Sobre el cielo azul resalta una nube rosa-morada con tonos verdes. Un hermoso cerezo en flor brota con rabia y me golpea la atención como si recibiera una bofetada de belleza. Mi atención hasta entonces dispersa centra su foco en aquel fenómeno lleno de colores y formas. Mis sentidos son solo uno, todo lo que veo, olfateo, toco y oigo es el rosa-morado. Los colores se pueden oler, tocar y gustar. Huelo rosa-morado, toco rosa-morado y siento algo complejo que me resisto a llamar por ningún nombre. Cuando percibo que mi cerebro recupera el control y busca definiciones y conceptos, corto radicalmente y me quedo con la sensación, me quedo con el fenómeno. Curiosamente, no me es complicado quedarme en la sensación, pues esta me atrapa como en una tela de araña y aquel cerezo en flor me penetra como si fuera trasparente. Respiro color y en aquel momento soy cerezo en flor, soy color. Mi identidad ha desaparecido para convertirse en color rosa-morado, flores pequeñas con suave fragancia y verdes hojas carnosas que rompen la monotonía del rosa-morado. Una nube de color morado me invade y mi mundo se detiene. No existe nada más, solo sentir belleza, solo sentir morado y verde, yo soy morado y verde. Algo emana de mí y es silencio, alegría, una suave felicidad morada recortada por verdes esperanza.

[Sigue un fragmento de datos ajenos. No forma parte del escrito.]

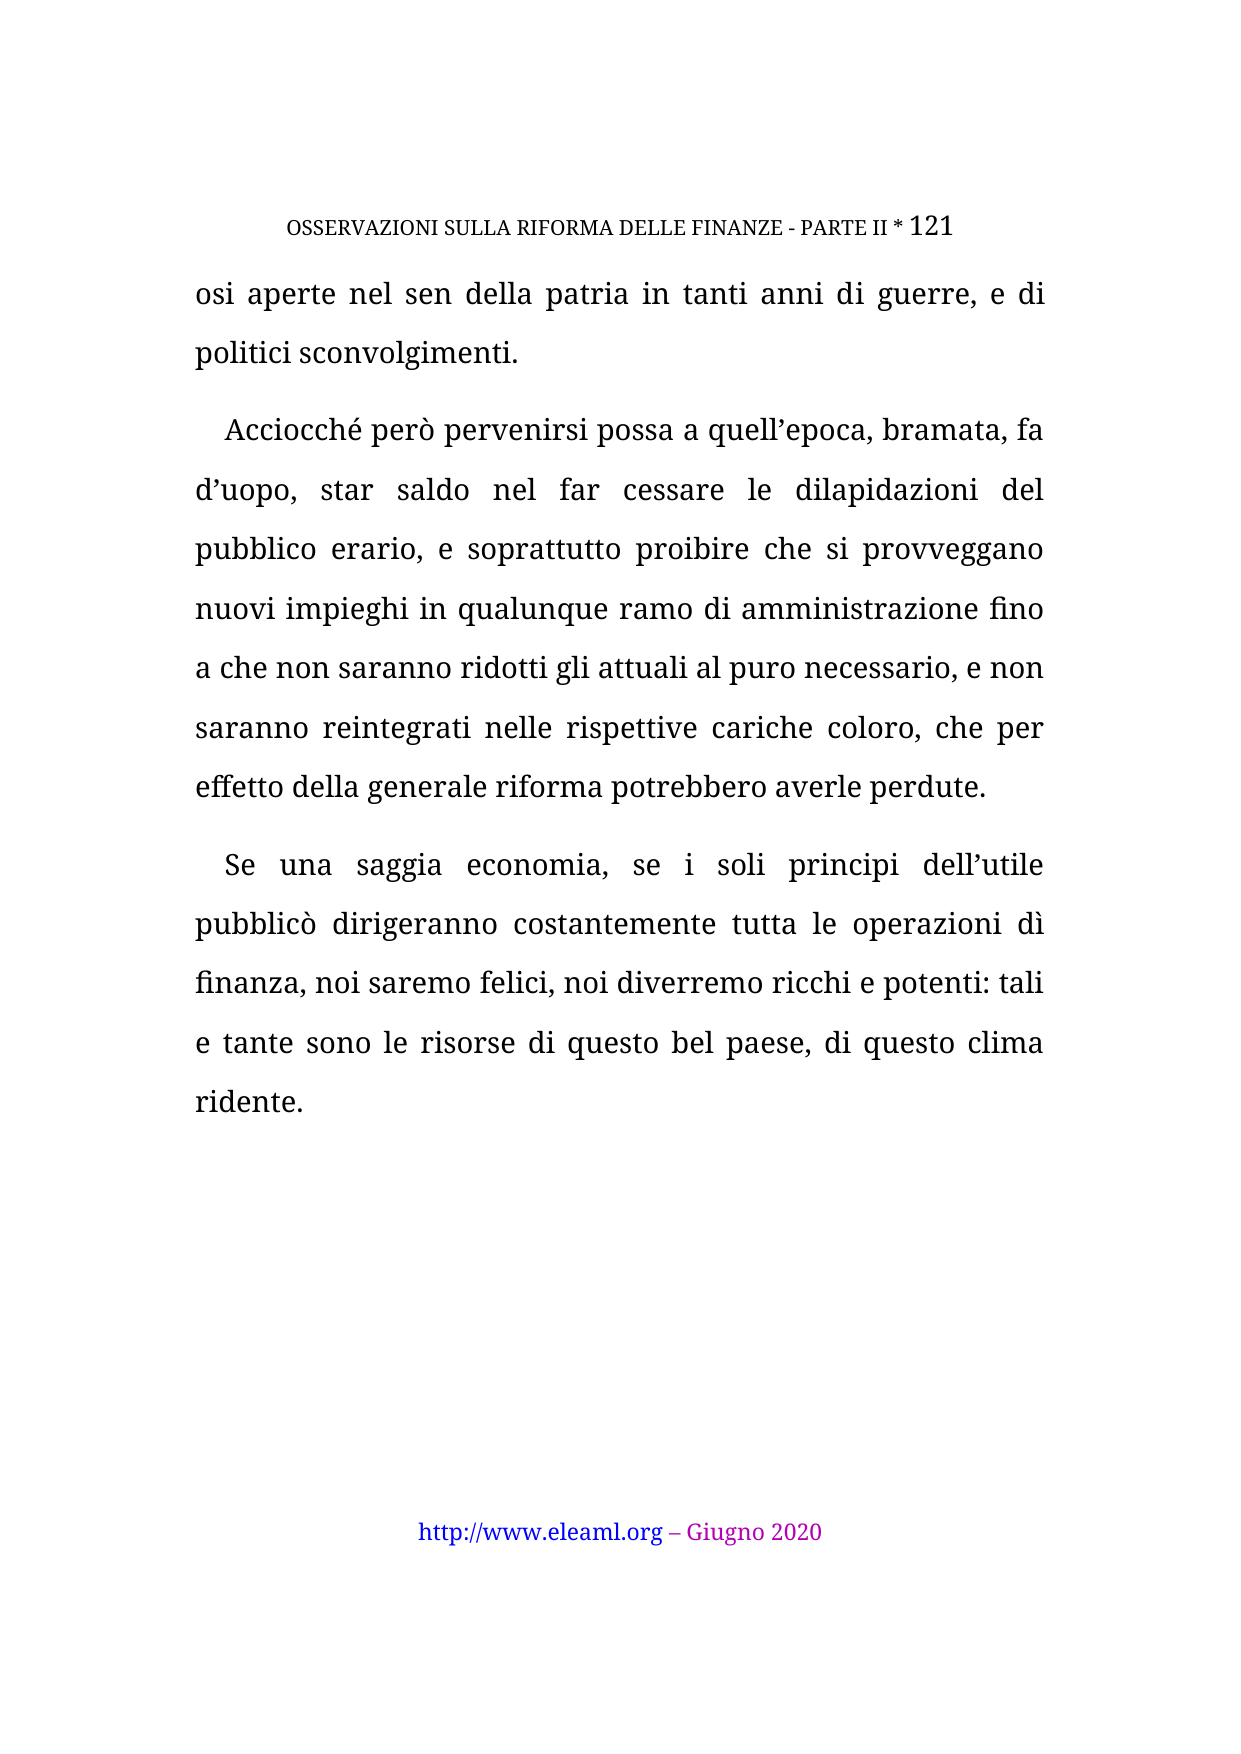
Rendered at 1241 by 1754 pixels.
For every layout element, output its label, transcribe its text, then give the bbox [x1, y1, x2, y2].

text Acciocché però pervenirsi possa a quell’epoca, bramata, fa d’uopo, star saldo nel far cessare le dilapidazioni del pubblico erario, e soprattutto proibire che si provveggano nuovi impieghi in qualunque ramo di amministrazione fino a che non saranno ridotti gli attuali al puro necessario, e non saranno reintegrati nelle rispettive cariche coloro, che per effetto della generale riforma potrebbero averle perdute. [195, 410, 1045, 806]
text osi aperte nel sen della patria in tanti anni di guerre, e di politici sconvolgimenti. [195, 273, 1045, 372]
text Se una saggia economia, se i soli principi dell’utile pubblicò dirigeranno costantemente tutta le operazioni dì finanza, noi saremo felici, noi diverremo ricchi e potenti: tali e tante sono le risorse di questo bel paese, di questo clima ridente. [195, 844, 1045, 1121]

Desconozco cuanto tiempo trascurre en ese ensimismamiento, en ese estado paradisiaco que a posteriori me hace reconocer el estado virginal que Adán sintió antes de poner nombre al mundo, antes de parcelarlo y clasificarlo. Es posible volver a nuestro estado inicial sin huella del pecado original, es posible solo Ser y sentir, parar la cháchara mental y dejarse invadir por una belleza eterna que por su naturaleza es efímera, pero solo es, ser en el tiempo y en el espacio y dejarme ser cerezo en flor. Hace muchos milenios ya fui cerezo y mis simientes siguen germinando en el suelo de mi alma hasta que la imagen toca las semillas y despierta mi naturaleza latente. Entonces siento cerezo, siento color y aroma y soy belleza. Un pequeño movimiento me saca del éxtasis sentido. Es un pequeño gorrión jugueteando entre las flores y sintiendo también igual que yo, que él, también es morado y fragante, pues los tres compartimos la misma naturaleza.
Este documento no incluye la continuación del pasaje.